Go through the data below. List every line that holds the word "Narrow".

┄┄┄┄┄┄

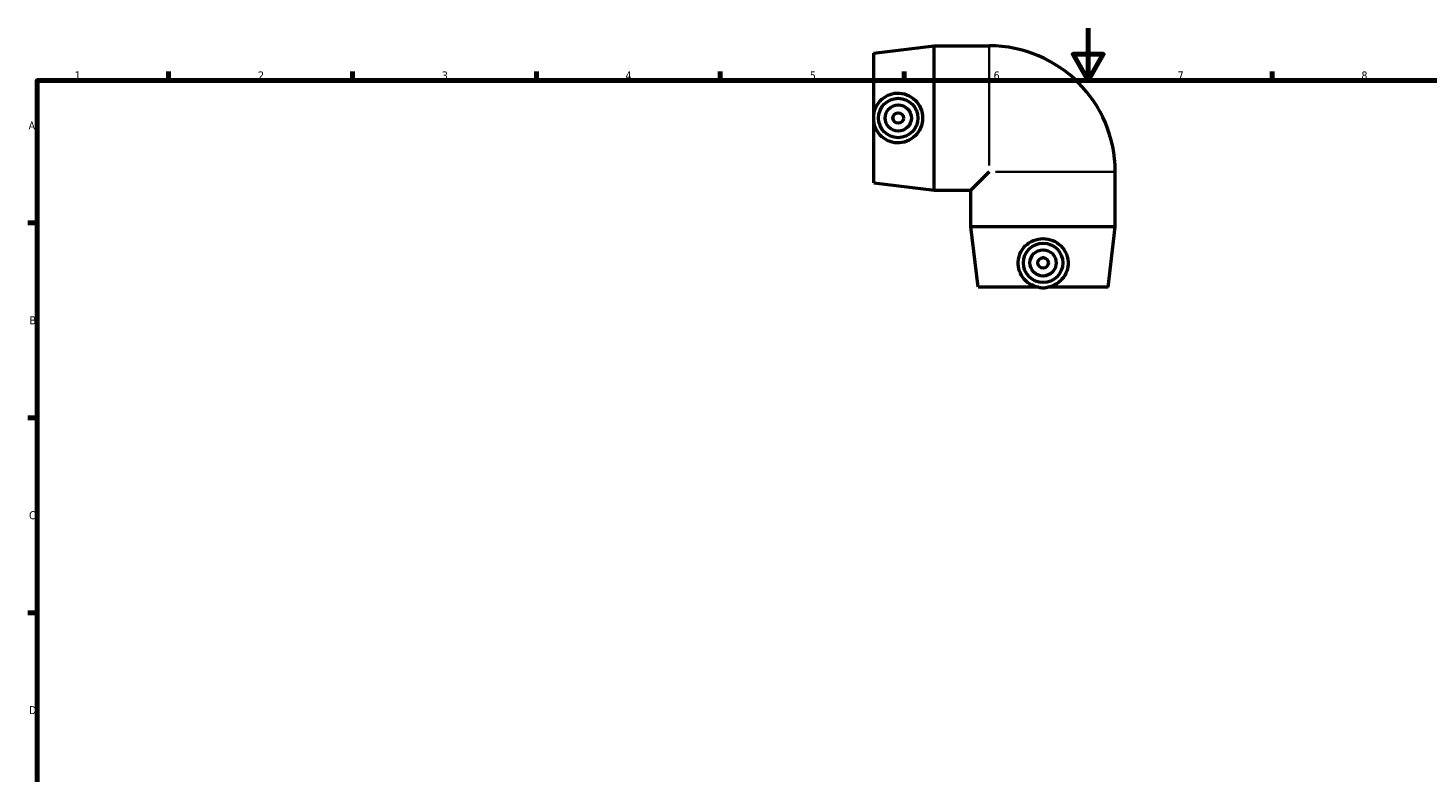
# Model space of a CAD drawing. Header units: millimetres. Extents: x 0 to 901, y -333 to 594.
# Tile 3 of 4: x 17 to 550, y 310 to 594. Entities that reach past the tile are written whole.
import ezdxf

# ---------------------------------------------------------------- set-up
doc = ezdxf.new("R2010")
doc.units = ezdxf.units.MM
for name, color, linetype, lineweight in [('Border (ANSI)', 7, 'Continuous', 70), ('Visible (ANSI)', 7, 'Continuous', 50), ('Visible Narrow (ANSI)', 7, 'Continuous', 35)]:
    doc.layers.add(name, color=color, linetype=linetype, lineweight=lineweight)
doc.styles.add('Note Text (ANSI)', font='tahoma.ttf')

# ---------------------------------------------------------------- blocks, each defined once
blk = doc.blocks.new('Borders Default Border')
at = {"layer": 'Border (ANSI)'}
for p, q in [((70.08, 574), (70.08, 577.45)), ((140.17, 574), (140.17, 577.45)), ((210.25, 574), (210.25, 577.45)), ((280.33, 574), (280.33, 577.45)), ((350.42, 574), (350.42, 577.45)), ((490.58, 574), (490.58, 577.45)), ((20, 519.75), (16.55, 519.75)), ((20, 445.5), (16.55, 445.5)), ((20, 371.25), (16.55, 371.25))]:
    blk.add_line(p, q, dxfattribs=at)
at = {"layer": 'Border (ANSI)', "flags": 128}
for points in [[(420.5, 594), (420.5, 574), (414.73, 584), (426.27, 584), (420.5, 574)], [(20, 20), (20, 574), (821, 574), (821, 20), (20, 20)]]:
    blk.add_lwpolyline(points, dxfattribs=at)
at = {"layer": 'Border (ANSI)', "char_height": 3.05, "attachment_point": 7, "style": 'Note Text (ANSI)'}
for s, insert in [('1', (34.35, 574.4)), ('2', (104.2, 574.4)), ('3', (174.26, 574.34)), ('4', (244.23, 574.4)), ('5', (314.48, 574.34)), ('6', (384.49, 574.34)), ('7', (454.6, 574.4)), ('8', (524.63, 574.33)), ('A', (16.78, 555.35)), ('B', (17.15, 481.1)), ('C', (16.95, 406.8)), ('D', (16.96, 332.6))]:
    blk.add_mtext(s, dxfattribs=dict(at, insert=insert))

msp = doc.modelspace()

# ---------------------------------------------------------------- linework, layer by layer
at = {"layer": 'Visible (ANSI)'}
for p, q in [((338.836, 584.464), (361.836, 587.214)), ((361.836, 532.214), (361.836, 587.214)), ((361.836, 587.214), (382.836, 587.214)), ((338.836, 561.4), (338.836, 584.464)), ((338.836, 534.964), (338.836, 558.028)), ((382.836, 539.214), (375.836, 532.214)), ((430.836, 518.214), (430.836, 539.214)), ((338.836, 534.964), (361.836, 532.214)), ((361.836, 532.214), (375.836, 532.214)), ((375.836, 518.214), (375.836, 532.214)), ((430.836, 518.214), (375.836, 518.214)), ((378.586, 495.214), (375.836, 518.214)), ((428.086, 495.214), (430.836, 518.214)), ((401.649, 495.214), (378.586, 495.214)), ((428.086, 495.214), (405.022, 495.214))]:
    msp.add_line(p, q, dxfattribs=at)
for centre, radius in [((348.136, 559.714), 7.5), ((348.136, 559.714), 5), ((348.136, 559.714), 2), ((403.336, 504.514), 7.5), ((403.336, 504.514), 5), ((403.336, 504.514), 2)]:
    msp.add_circle(centre, radius, dxfattribs=at)
msp.add_arc((382.836, 539.214), 48, 0, 90, dxfattribs=at)
for points, knots in [([(338.836, 561.4), (338.947, 562.029), (339.123, 562.656), (339.812, 564.401), (340.493, 565.451), (342.066, 567.123), (343.064, 567.862), (345.273, 568.883), (346.484, 569.163), (348.88, 569.269), (350.202, 569.055), (352.615, 568.104), (353.709, 567.367), (355.414, 565.671), (356.151, 564.605), (357.139, 562.242), (357.388, 560.943), (357.388, 558.485), (357.139, 557.187), (356.151, 554.823), (355.414, 553.757), (353.709, 552.061), (352.615, 551.325), (350.202, 550.373), (348.88, 550.159), (347.625, 550.215)], [1.5508769, 1.5508769, 1.5508769, 1.5508769, 1.7339195, 1.7339195, 2.0821462, 2.0821462, 2.4267658, 2.4267658, 2.7713854, 2.7713854, 3.1506485, 3.1506485, 3.5299117, 3.5299117, 3.8986372, 3.8986372, 4.2673628, 4.2673628, 4.6360883, 4.6360883, 5.0048139, 5.0048139, 5.384077, 5.384077, 5.7633402, 5.7633402, 5.7633402, 5.7633402]), ([(338.836, 561.4), (338.735, 560.833), (338.687, 560.265), (338.687, 559.163), (338.735, 558.595), (338.836, 558.028)], [4.21246326, 4.21246326, 4.21246326, 4.21246326, 4.37764747, 4.37764747, 4.54283167, 4.54283167, 4.54283167, 4.54283167]), ([(347.625, 550.215), (346.484, 550.265), (345.273, 550.545), (343.064, 551.566), (342.066, 552.306), (340.493, 553.977), (339.812, 555.027), (339.123, 556.772), (338.947, 557.399), (338.836, 558.028)], [5.7633402, 5.7633402, 5.7633402, 5.7633402, 6.1079597, 6.1079597, 6.4525793, 6.4525793, 6.8008061, 6.8008061, 6.9838487, 6.9838487, 6.9838487, 6.9838487]), ([(401.649, 495.214), (401.021, 495.325), (400.394, 495.502), (398.648, 496.191), (397.598, 496.872), (395.927, 498.444), (395.187, 499.443), (394.167, 501.652), (393.886, 502.863), (393.781, 505.259), (393.995, 506.58), (394.946, 508.993), (395.683, 510.087), (397.378, 511.793), (398.444, 512.53), (400.808, 513.517), (402.106, 513.767), (404.565, 513.767), (405.863, 513.517), (408.227, 512.53), (409.293, 511.793), (410.988, 510.087), (411.725, 508.993), (412.676, 506.58), (412.89, 505.259), (412.835, 504.003)], [1.5508769, 1.5508769, 1.5508769, 1.5508769, 1.7339195, 1.7339195, 2.0821462, 2.0821462, 2.4267658, 2.4267658, 2.7713854, 2.7713854, 3.1506485, 3.1506485, 3.5299117, 3.5299117, 3.8986372, 3.8986372, 4.2673628, 4.2673628, 4.6360883, 4.6360883, 5.0048139, 5.0048139, 5.384077, 5.384077, 5.7633402, 5.7633402, 5.7633402, 5.7633402]), ([(412.835, 504.003), (412.785, 502.863), (412.504, 501.652), (411.484, 499.443), (410.744, 498.444), (409.073, 496.872), (408.023, 496.191), (406.277, 495.502), (405.65, 495.325), (405.022, 495.214)], [5.7633402, 5.7633402, 5.7633402, 5.7633402, 6.1079597, 6.1079597, 6.4525793, 6.4525793, 6.8008061, 6.8008061, 6.9838487, 6.9838487, 6.9838487, 6.9838487]), ([(401.649, 495.214), (402.216, 495.114), (402.785, 495.066), (403.886, 495.066), (404.455, 495.114), (405.022, 495.214)], [4.21246326, 4.21246326, 4.21246326, 4.21246326, 4.37764747, 4.37764747, 4.54283167, 4.54283167, 4.54283167, 4.54283167])]:
    msp.add_open_spline(points, degree=3, knots=knots, dxfattribs=at)
at = {"layer": 'Visible Narrow (ANSI)'}
for p, q in [((382.836, 541.568), (382.836, 587.014)), ((430.636, 539.214), (385.19, 539.214))]:
    msp.add_line(p, q, dxfattribs=at)

# ---------------------------------------------------------------- block references
msp.add_blockref('Borders Default Border', (0, 0))

doc.saveas('drawing.dxf')

┄┄┄┄┄┄

:: Exercise answer ::
for name, color, linetype, lineweight in [('Border (ANSI)', 7, 'Continuous', 70), ('Visible (ANSI)', 7, 'Continuous', 50), ('Visible Narrow (ANSI)', 7, 'Continuous', 35)]:
at = {"layer": 'Visible Narrow (ANSI)'}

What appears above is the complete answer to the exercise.